- Data for review:
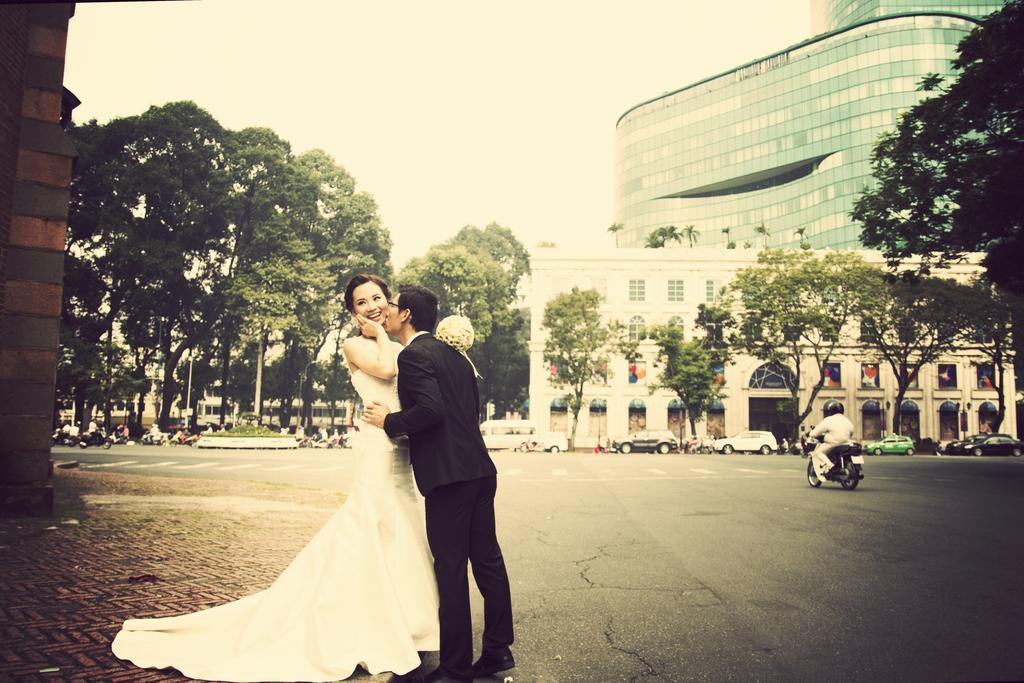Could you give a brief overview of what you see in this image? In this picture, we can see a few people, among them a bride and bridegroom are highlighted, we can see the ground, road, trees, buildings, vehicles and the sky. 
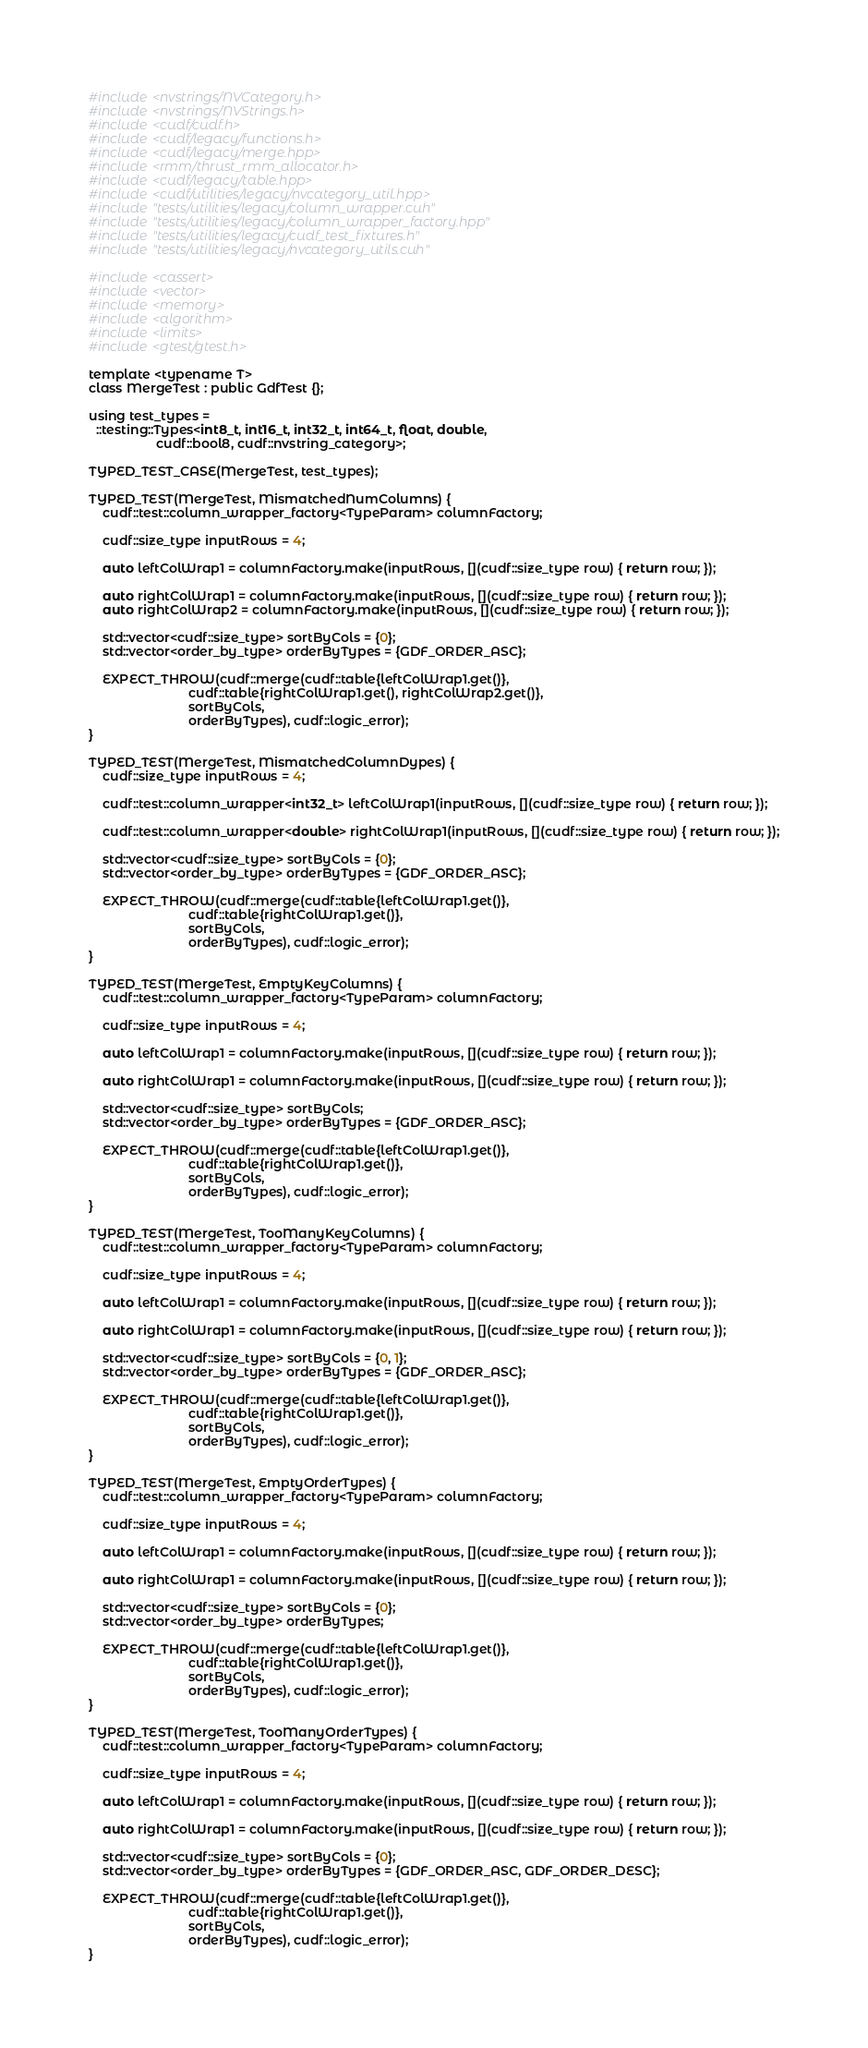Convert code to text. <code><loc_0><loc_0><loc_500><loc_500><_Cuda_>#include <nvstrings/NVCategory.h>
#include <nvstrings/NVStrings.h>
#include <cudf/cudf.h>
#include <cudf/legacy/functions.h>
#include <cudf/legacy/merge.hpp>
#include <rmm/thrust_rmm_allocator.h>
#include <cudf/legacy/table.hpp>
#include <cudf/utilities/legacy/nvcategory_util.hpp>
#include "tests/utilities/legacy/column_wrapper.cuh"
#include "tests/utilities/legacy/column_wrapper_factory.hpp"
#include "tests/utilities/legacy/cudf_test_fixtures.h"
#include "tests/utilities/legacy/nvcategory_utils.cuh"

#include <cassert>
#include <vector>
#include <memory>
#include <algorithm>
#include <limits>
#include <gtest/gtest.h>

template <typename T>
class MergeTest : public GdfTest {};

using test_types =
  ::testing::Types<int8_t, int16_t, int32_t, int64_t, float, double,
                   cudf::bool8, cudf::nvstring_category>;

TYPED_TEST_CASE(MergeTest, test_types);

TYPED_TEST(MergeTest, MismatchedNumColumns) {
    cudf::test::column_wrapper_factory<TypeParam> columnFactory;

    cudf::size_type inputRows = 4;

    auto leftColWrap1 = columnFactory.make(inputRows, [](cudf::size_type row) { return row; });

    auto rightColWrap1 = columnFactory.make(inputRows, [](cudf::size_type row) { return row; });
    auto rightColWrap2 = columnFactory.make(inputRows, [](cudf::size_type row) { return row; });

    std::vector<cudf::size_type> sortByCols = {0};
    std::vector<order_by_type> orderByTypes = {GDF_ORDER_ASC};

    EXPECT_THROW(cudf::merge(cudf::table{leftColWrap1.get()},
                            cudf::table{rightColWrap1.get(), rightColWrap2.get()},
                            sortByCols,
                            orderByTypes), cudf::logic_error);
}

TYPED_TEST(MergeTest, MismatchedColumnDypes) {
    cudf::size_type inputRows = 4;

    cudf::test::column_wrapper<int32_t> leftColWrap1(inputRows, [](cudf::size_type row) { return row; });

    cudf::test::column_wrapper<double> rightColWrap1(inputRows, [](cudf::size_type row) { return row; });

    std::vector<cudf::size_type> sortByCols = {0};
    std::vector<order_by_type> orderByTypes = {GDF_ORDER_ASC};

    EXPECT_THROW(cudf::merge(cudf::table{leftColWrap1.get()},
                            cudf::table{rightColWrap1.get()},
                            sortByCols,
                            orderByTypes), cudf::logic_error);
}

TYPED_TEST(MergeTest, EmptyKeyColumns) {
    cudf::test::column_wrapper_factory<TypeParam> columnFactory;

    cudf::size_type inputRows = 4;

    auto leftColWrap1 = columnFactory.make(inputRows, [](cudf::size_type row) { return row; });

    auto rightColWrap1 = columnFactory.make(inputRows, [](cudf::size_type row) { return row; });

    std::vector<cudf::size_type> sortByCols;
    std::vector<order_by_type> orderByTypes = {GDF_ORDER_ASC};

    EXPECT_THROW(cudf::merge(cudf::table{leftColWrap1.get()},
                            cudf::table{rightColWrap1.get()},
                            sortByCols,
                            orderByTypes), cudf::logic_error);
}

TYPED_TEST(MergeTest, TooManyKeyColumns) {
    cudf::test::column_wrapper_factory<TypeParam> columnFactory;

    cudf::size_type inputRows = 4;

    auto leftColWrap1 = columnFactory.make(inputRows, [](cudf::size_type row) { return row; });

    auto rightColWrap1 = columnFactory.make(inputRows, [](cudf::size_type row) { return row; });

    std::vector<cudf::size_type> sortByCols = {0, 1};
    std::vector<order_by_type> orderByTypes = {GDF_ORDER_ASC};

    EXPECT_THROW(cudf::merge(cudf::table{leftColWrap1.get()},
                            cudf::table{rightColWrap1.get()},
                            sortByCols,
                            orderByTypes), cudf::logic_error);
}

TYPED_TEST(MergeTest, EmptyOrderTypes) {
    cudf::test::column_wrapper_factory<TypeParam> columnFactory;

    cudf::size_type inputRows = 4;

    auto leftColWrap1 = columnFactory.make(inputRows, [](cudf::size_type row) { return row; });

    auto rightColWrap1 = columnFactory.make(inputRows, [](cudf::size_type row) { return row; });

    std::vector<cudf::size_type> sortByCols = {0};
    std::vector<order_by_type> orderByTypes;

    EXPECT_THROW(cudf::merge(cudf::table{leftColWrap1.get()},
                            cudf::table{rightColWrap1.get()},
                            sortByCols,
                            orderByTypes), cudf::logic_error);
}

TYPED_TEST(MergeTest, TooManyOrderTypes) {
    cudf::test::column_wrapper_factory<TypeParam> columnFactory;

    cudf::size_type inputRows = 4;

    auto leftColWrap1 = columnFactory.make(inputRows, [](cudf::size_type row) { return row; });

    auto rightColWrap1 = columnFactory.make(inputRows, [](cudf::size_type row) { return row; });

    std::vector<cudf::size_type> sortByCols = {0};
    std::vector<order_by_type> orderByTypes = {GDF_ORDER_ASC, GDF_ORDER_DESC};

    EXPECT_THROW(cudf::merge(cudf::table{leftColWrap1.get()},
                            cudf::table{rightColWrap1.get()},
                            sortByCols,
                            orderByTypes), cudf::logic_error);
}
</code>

==

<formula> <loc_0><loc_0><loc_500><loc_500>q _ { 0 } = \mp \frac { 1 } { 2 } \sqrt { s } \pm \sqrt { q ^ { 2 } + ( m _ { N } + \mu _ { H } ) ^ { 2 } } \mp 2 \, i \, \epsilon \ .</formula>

- Exercise requirements:
Every line of the data above that includes "MergeTest" should be listed.

- Solution for this exercise:
class MergeTest : public GdfTest {};
TYPED_TEST_CASE(MergeTest, test_types);
TYPED_TEST(MergeTest, MismatchedNumColumns) {
TYPED_TEST(MergeTest, MismatchedColumnDypes) {
TYPED_TEST(MergeTest, EmptyKeyColumns) {
TYPED_TEST(MergeTest, TooManyKeyColumns) {
TYPED_TEST(MergeTest, EmptyOrderTypes) {
TYPED_TEST(MergeTest, TooManyOrderTypes) {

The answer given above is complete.